Speed Racer is still a baby so it does not provide advanced analysis yet, just a basic summary. But it has several goals:

  • regression testing: compare runs over time and report how it's faster/slower.
  • benchmarking: compare several races to see which is the best.
  • analysis: give precise insights of what is slow and why.
  • auditing: give advices on how to improve performance.

If you want to use Speed Racer for one of this use cases, you can leverage it and analyze the traces and reports it produces. I would be glad to receive your feedback and ideas on the subject!

Traces

Traces are json files with the .trace.gz extension.

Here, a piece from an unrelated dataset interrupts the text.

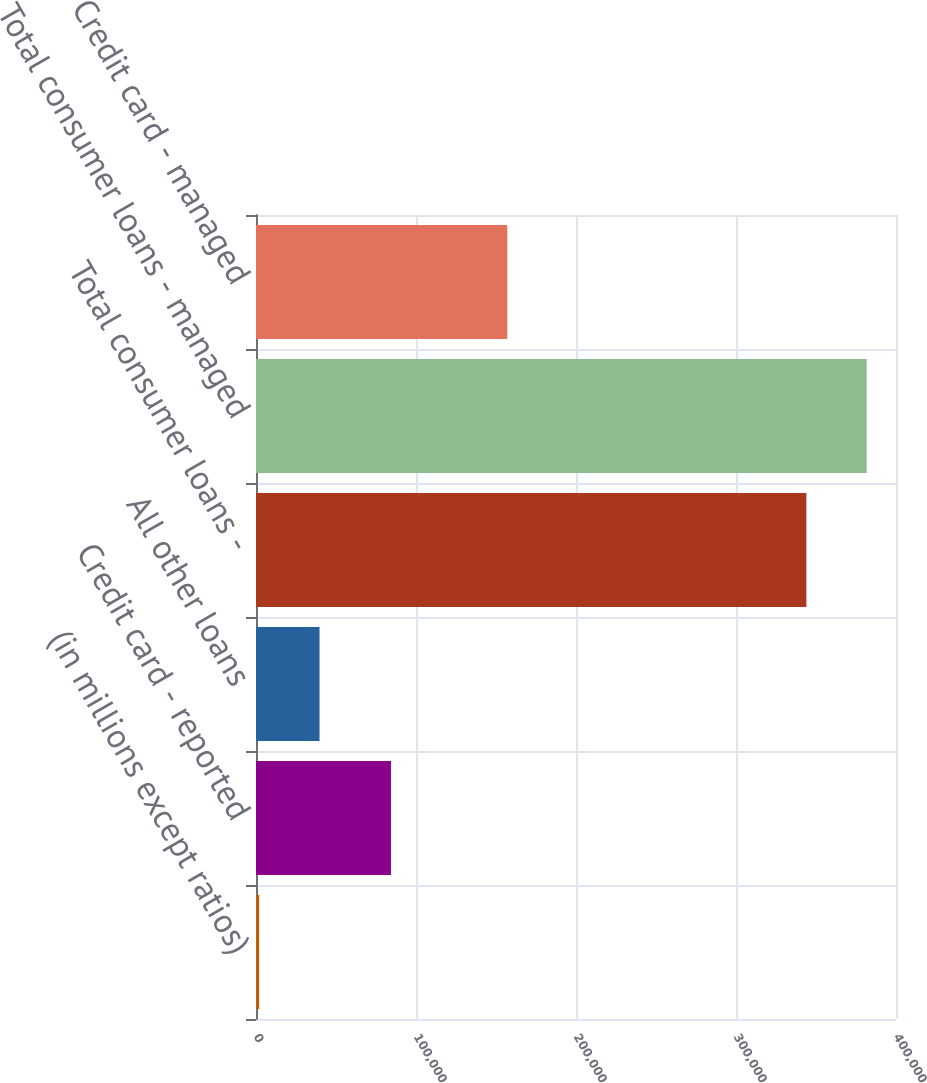Convert chart. <chart><loc_0><loc_0><loc_500><loc_500><bar_chart><fcel>(in millions except ratios)<fcel>Credit card - reported<fcel>All other loans<fcel>Total consumer loans -<fcel>Total consumer loans - managed<fcel>Memo Credit card - managed<nl><fcel>2007<fcel>84352<fcel>39706.2<fcel>343997<fcel>381696<fcel>157053<nl></chart> 
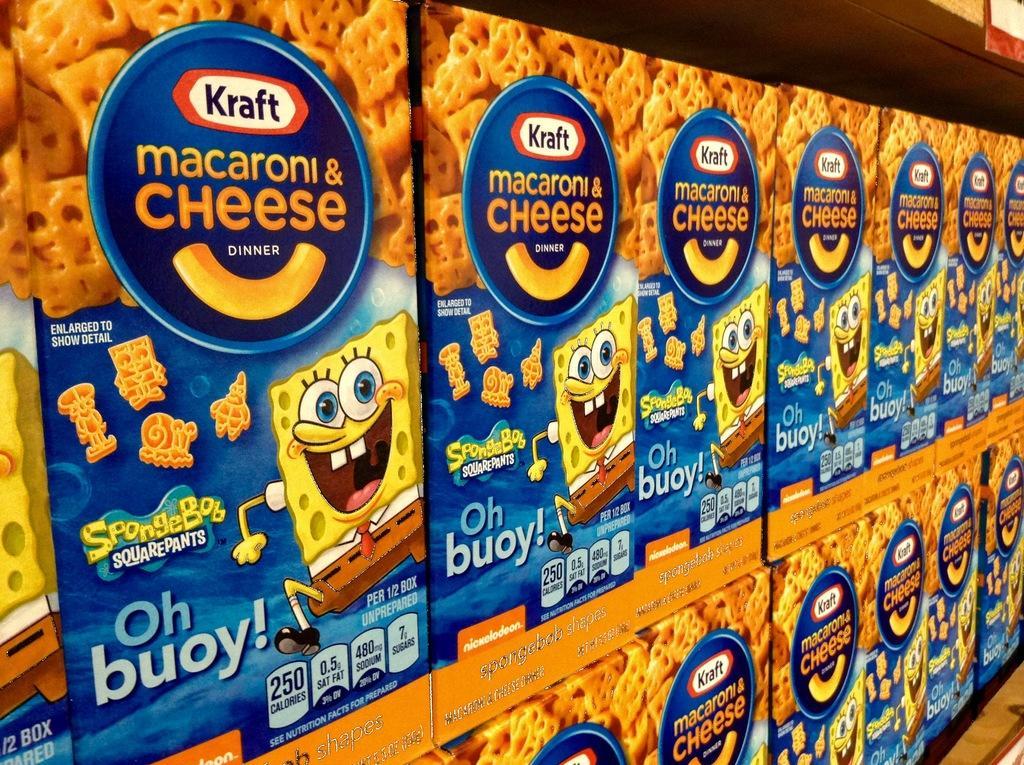Describe this image in one or two sentences. In the image we can see there are many boxes kept on the shelf. On the box there is a picture of a cartoon, printed text and food item.

They are basically huge arrays of events produced by Google Chrome. Those events give tons of informations about the overall performance of race. Here is the detail format.

Traces can be pretty big, so they are saved gziped.

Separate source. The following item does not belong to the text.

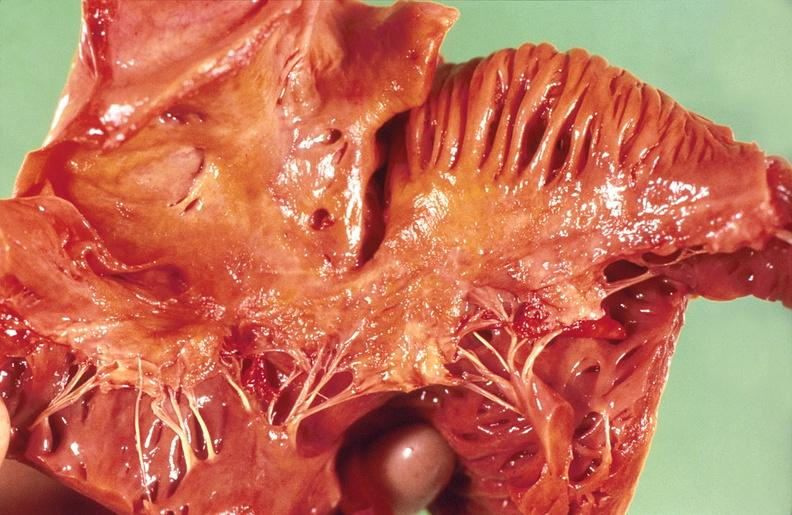what does this image show?
Answer the question using a single word or phrase. Amyloidosis

You can analyze them the way you want or load them in the Timeline/Performance tab of Chrome like so:

  1. Locate and decompress your trace:
# first you need to locate and decompress the trace

$ cd .speedracer
$ ls
text-fixtures-multiple
$ cd text-fixtures-multiple
$ ls
render-60-frames.speedracer
render-60-frames.trace.gz
search-10e4-first-primes-very-long.speedracer
search-10e4-first-primes-very-long.trace.gz
$ gunzip render-60-frames.trace.gz
  1. Load it in Chrome Devtools or use DevTools Timeline Viewer and enjoy :tada:

Reports

Reports are json files with the .speedracer extension. They provide a performance summary for a given race.

Here is the format:

{
  "meta": {
    "title": "render 60 frames",
    "group": "test-fixtures-multiple",
    "id": "render-60-frames"
  },
  "profiling": {
    "categories": {
      "scripting": 13.217000007629395,
      "rendering": 11.370999991893768,
      "painting": 9.248999938368797
    },
    "events": {
      "Animation Frame Fired": 7.994999974966049,
      "Composite Layers": 7.0119999796152115,
      "Update Layer Tree": 6.503000020980835,
      "JS Frame": 5.1060000360012054,
      "Recalculate Style": 4.867999970912933,
      "Paint": 2.236999958753586,
      "Run Microtasks": 0.11599999666213989
    },
    "functions": {
      "FireAnimationFrame": 7.994999974966049,
      "CompositeLayers": 7.0119999796152115,
      "UpdateLayerTree": 6.503000020980835,
      "UpdateLayoutTree": 4.867999970912933,
      "f:render@24": 2.32600000500679,
      "Paint": 2.236999958753586,
      "f:requestAnimationFrame@": 2.1010000109672546,
      "f:ws.onmessage@24": 0.1940000057220459,
      "f:finishRace@24": 0.15600000321865082,
      "f:@": 0.1300000101327896,
      "RunMicrotasks": 0.11599999666213989,
      "f:Promise@": 0.10099999606609344,
      "f:startRace@24": 0.09800000488758087
    }
  },
  "rendering": {
    "firstPaint": 0.00805,
    "fps": {
      "mean": 60.98,
      "variance": 3.9,
      "sd": 1.97,
      "lo": 56.92,
      "hi": 63.47
    }
  }
}

You can display, analyze or compare them depending on your needs.